Exercise goal:
Give back exactly the stretch of data below from the line holding "Example of the" through the line holding "1. small box [248,601,380,708]", both ends included, and leave the remaining lines out.

*** Available data Section Begins ***

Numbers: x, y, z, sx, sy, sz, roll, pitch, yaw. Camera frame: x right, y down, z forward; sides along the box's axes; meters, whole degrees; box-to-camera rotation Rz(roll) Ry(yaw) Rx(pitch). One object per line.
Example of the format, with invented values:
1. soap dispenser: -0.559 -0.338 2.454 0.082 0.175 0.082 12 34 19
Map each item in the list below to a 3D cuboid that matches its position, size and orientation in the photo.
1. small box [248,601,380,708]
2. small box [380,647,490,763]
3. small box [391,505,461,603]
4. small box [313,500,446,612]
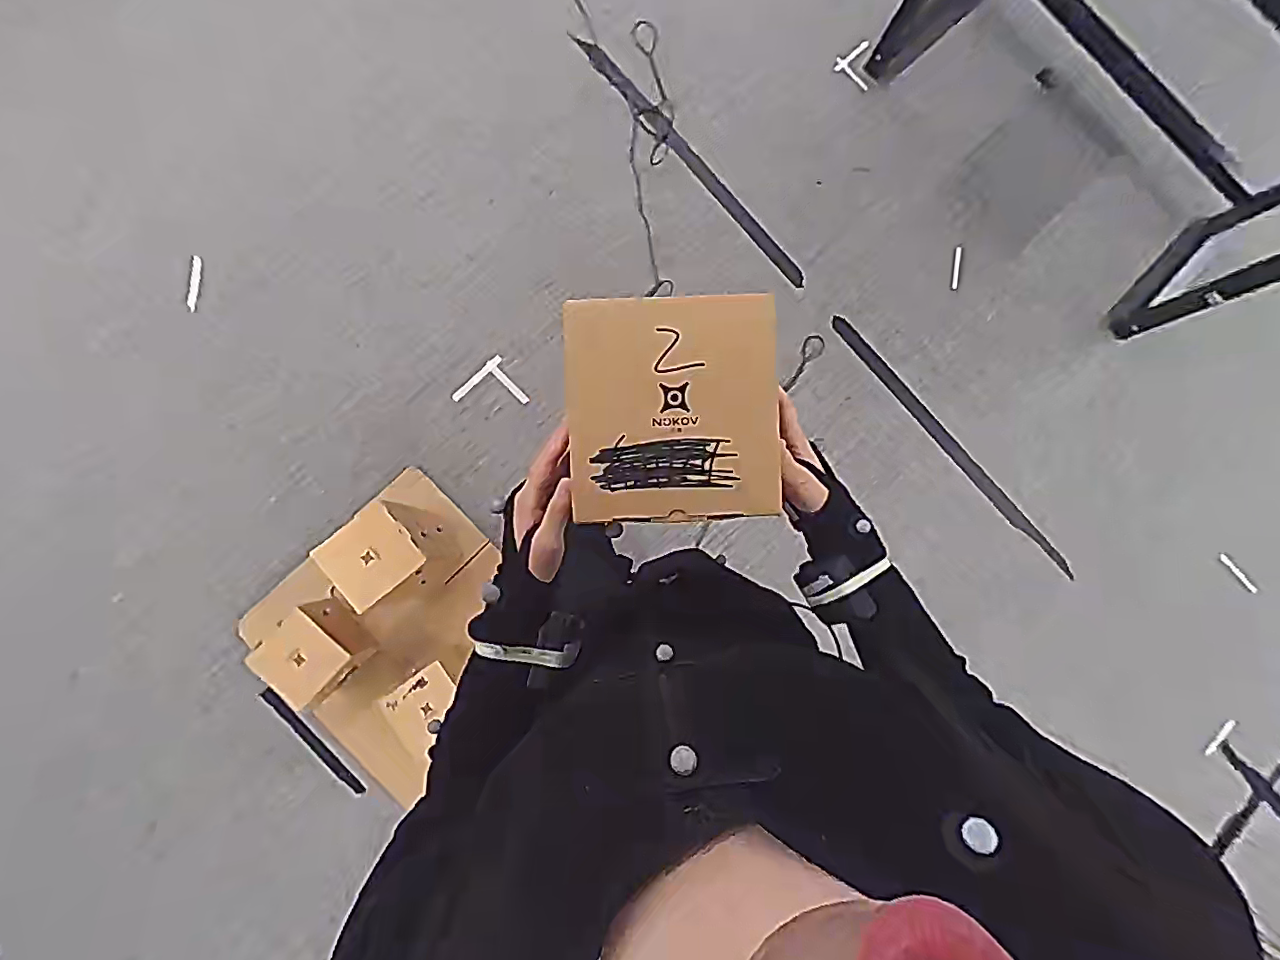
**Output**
1. small box: -0.779 0.412 1.311 0.179 0.176 0.168 41 83 0
2. small box: -0.489 0.538 1.323 0.168 0.176 0.179 -35 90 -8
3. small box: -0.576 0.183 1.352 0.179 0.176 0.168 -44 90 -9
4. small box: -0.561 0.165 1.191 0.179 0.176 0.168 -40 89 -9
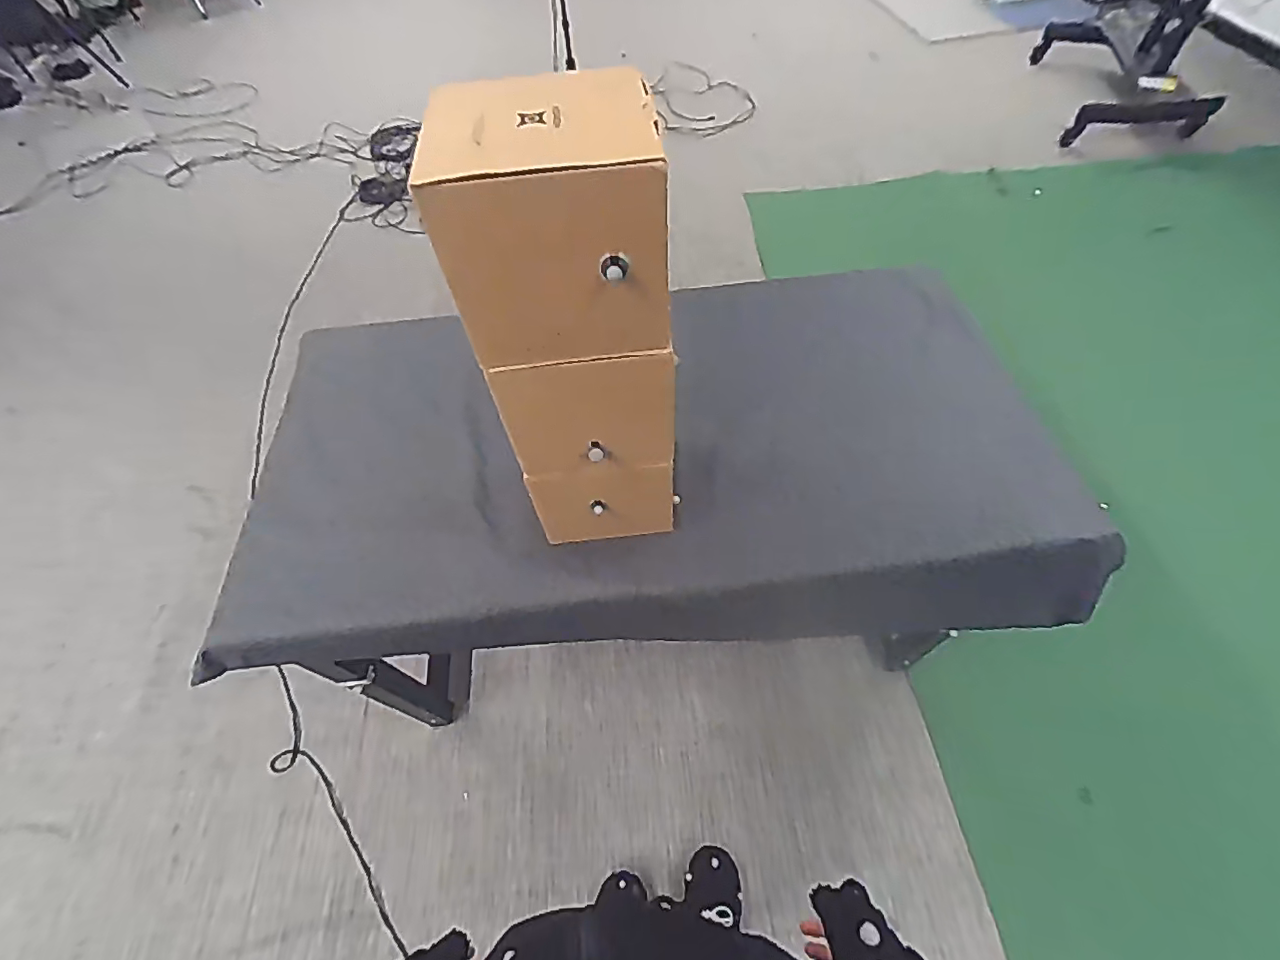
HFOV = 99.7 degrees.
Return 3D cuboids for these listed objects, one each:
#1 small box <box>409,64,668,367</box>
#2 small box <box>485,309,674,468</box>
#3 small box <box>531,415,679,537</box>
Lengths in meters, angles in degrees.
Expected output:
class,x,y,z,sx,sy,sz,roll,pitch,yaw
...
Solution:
class,x,y,z,sx,sy,sz,roll,pitch,yaw
small box,-0.072,-0.220,0.469,0.179,0.176,0.168,-8,56,0
small box,-0.059,-0.129,0.603,0.179,0.176,0.168,-6,57,-1
small box,-0.049,-0.037,0.737,0.179,0.176,0.168,-8,57,-3

*** Available data Section Ends ***

Finished task:
Example of the format, with invented values:
1. soap dispenser: -0.559 -0.338 2.454 0.082 0.175 0.082 12 34 19
Map each item in the list below to a 3D cuboid that matches its position, size and orientation in the photo.
1. small box [248,601,380,708]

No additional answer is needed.